[Records from a collection]
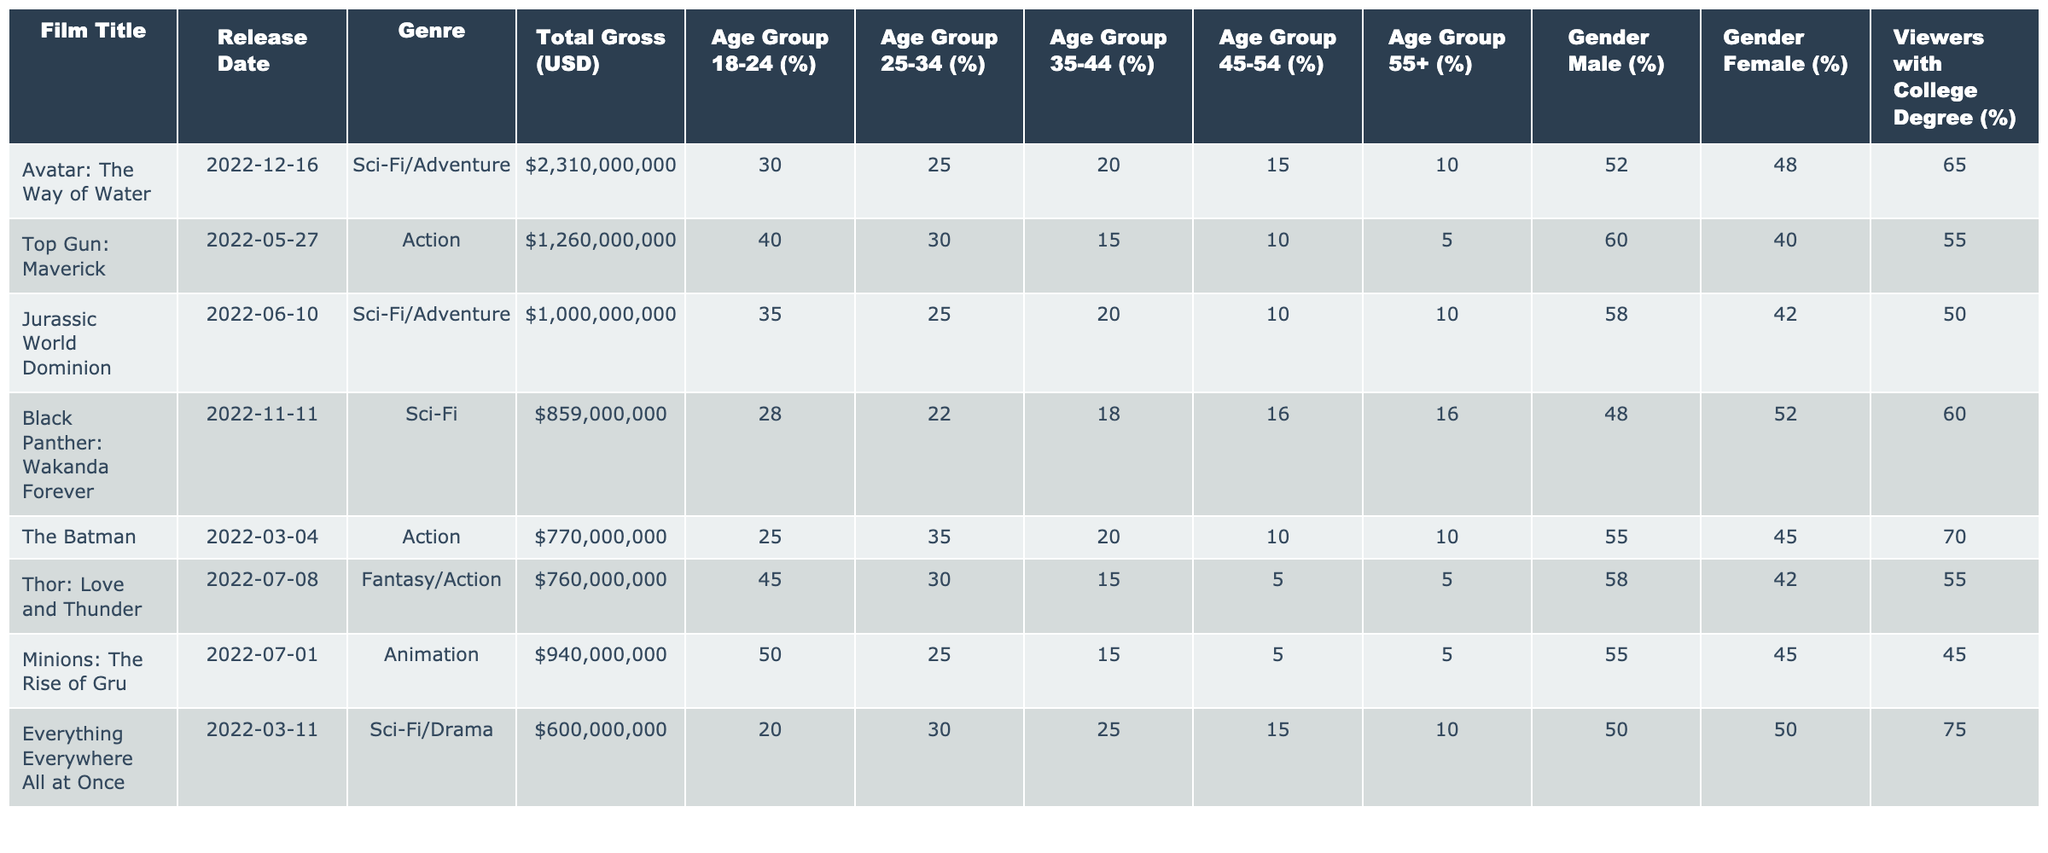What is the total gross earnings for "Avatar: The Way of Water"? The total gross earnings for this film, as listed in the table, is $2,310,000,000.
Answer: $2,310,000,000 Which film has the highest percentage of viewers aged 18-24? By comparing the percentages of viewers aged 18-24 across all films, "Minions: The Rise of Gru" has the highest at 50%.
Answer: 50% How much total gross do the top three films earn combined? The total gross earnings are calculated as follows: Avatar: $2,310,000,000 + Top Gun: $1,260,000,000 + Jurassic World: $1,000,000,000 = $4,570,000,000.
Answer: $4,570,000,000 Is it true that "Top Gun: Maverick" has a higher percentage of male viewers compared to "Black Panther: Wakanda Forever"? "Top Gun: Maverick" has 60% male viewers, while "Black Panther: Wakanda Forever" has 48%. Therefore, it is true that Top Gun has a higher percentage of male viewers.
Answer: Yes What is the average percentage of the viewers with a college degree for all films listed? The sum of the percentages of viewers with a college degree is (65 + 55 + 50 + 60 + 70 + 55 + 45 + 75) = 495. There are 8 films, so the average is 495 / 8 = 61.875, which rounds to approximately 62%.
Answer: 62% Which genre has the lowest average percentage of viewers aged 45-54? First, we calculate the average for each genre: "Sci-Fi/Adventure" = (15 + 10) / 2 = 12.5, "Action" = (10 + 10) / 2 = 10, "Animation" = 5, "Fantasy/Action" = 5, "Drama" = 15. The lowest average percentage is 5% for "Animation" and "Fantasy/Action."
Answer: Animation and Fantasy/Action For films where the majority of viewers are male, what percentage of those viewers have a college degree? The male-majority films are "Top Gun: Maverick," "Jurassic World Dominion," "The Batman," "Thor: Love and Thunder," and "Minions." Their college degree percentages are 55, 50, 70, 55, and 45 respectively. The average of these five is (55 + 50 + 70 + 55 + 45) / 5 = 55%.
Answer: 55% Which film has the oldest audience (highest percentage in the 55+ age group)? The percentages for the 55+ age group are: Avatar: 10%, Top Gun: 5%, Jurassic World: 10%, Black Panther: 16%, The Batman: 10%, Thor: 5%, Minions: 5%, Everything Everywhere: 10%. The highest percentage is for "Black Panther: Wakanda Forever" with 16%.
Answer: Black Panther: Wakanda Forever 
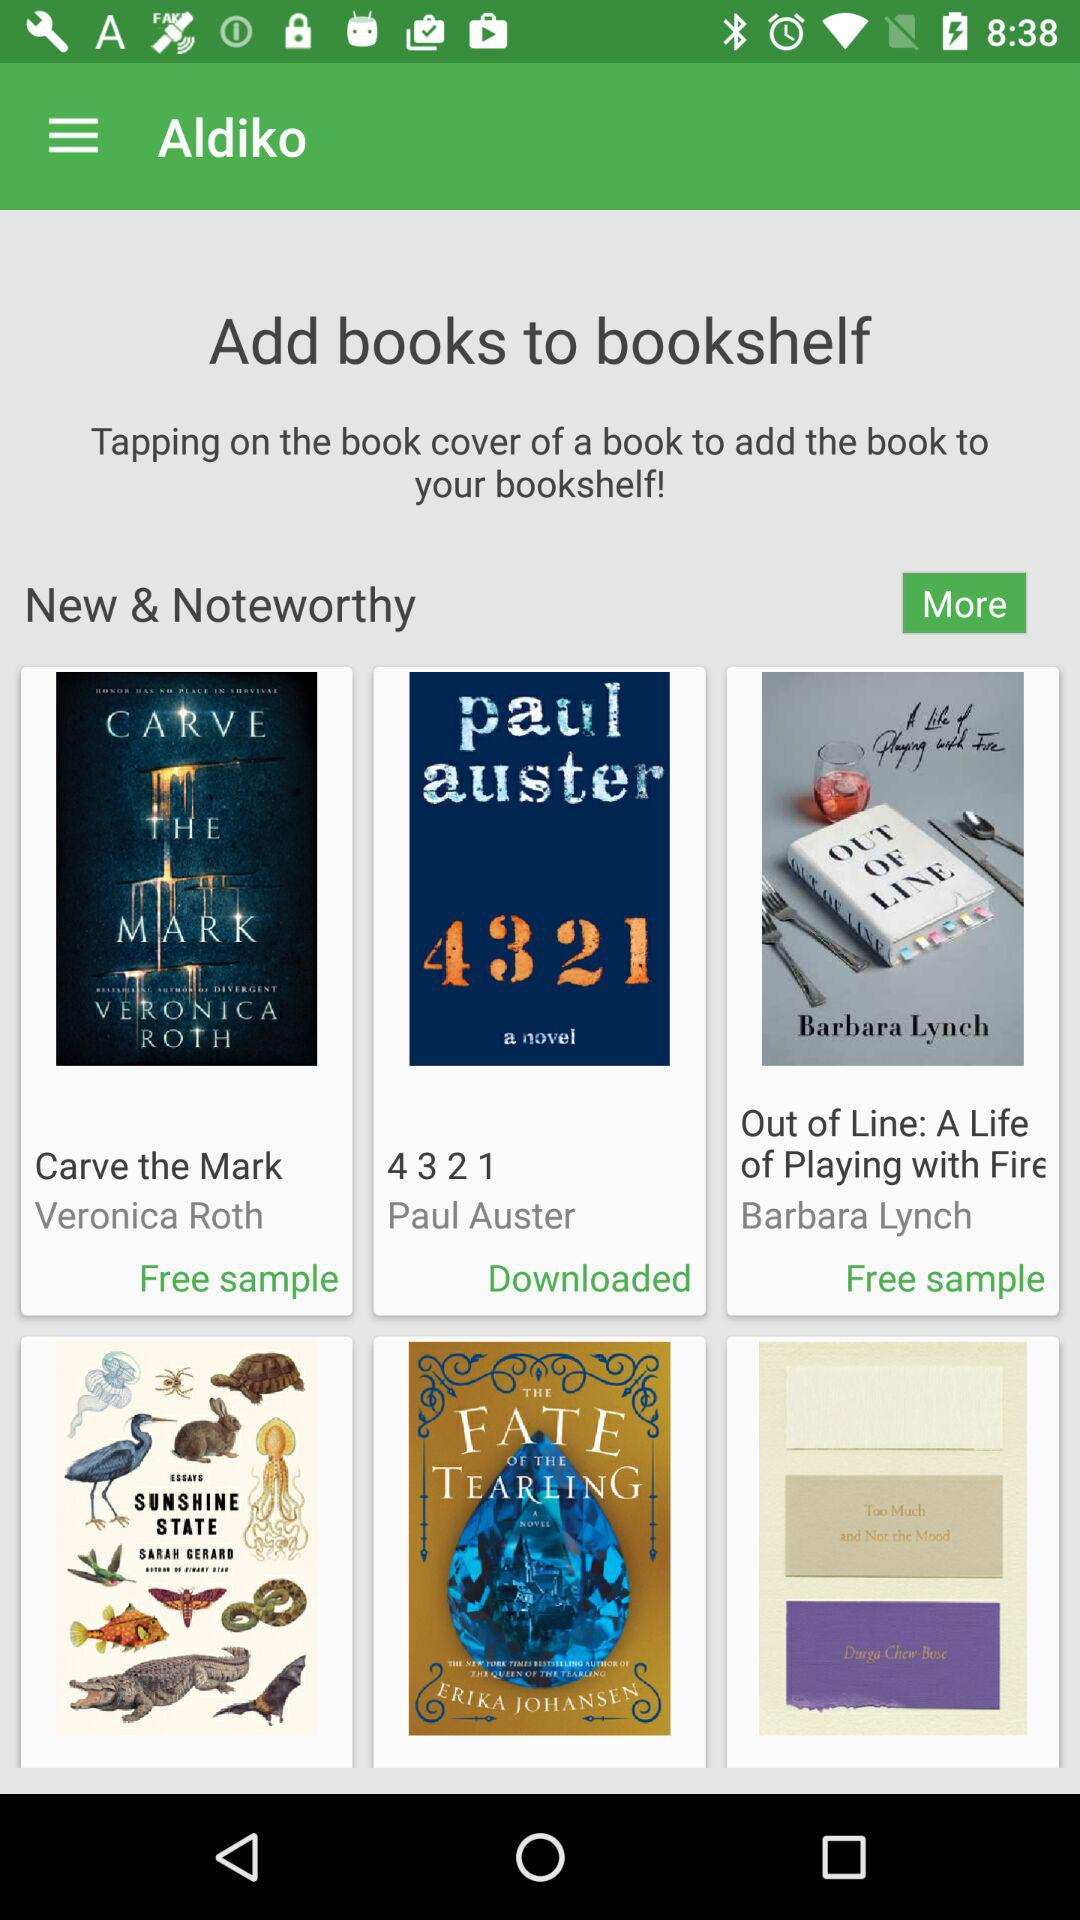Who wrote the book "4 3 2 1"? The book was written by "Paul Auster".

Exercise prompt -
What is needed is an exact copy of the lines from the one with "Answer: Animation and" through the end of the data above, both included, minus any pictures.

Completed task -
Answer: Animation and Fantasy/Action For films where the majority of viewers are male, what percentage of those viewers have a college degree? The male-majority films are "Top Gun: Maverick," "Jurassic World Dominion," "The Batman," "Thor: Love and Thunder," and "Minions." Their college degree percentages are 55, 50, 70, 55, and 45 respectively. The average of these five is (55 + 50 + 70 + 55 + 45) / 5 = 55%.
Answer: 55% Which film has the oldest audience (highest percentage in the 55+ age group)? The percentages for the 55+ age group are: Avatar: 10%, Top Gun: 5%, Jurassic World: 10%, Black Panther: 16%, The Batman: 10%, Thor: 5%, Minions: 5%, Everything Everywhere: 10%. The highest percentage is for "Black Panther: Wakanda Forever" with 16%.
Answer: Black Panther: Wakanda Forever 
Who wrote the book "4 3 2 1"? The book was written by "Paul Auster".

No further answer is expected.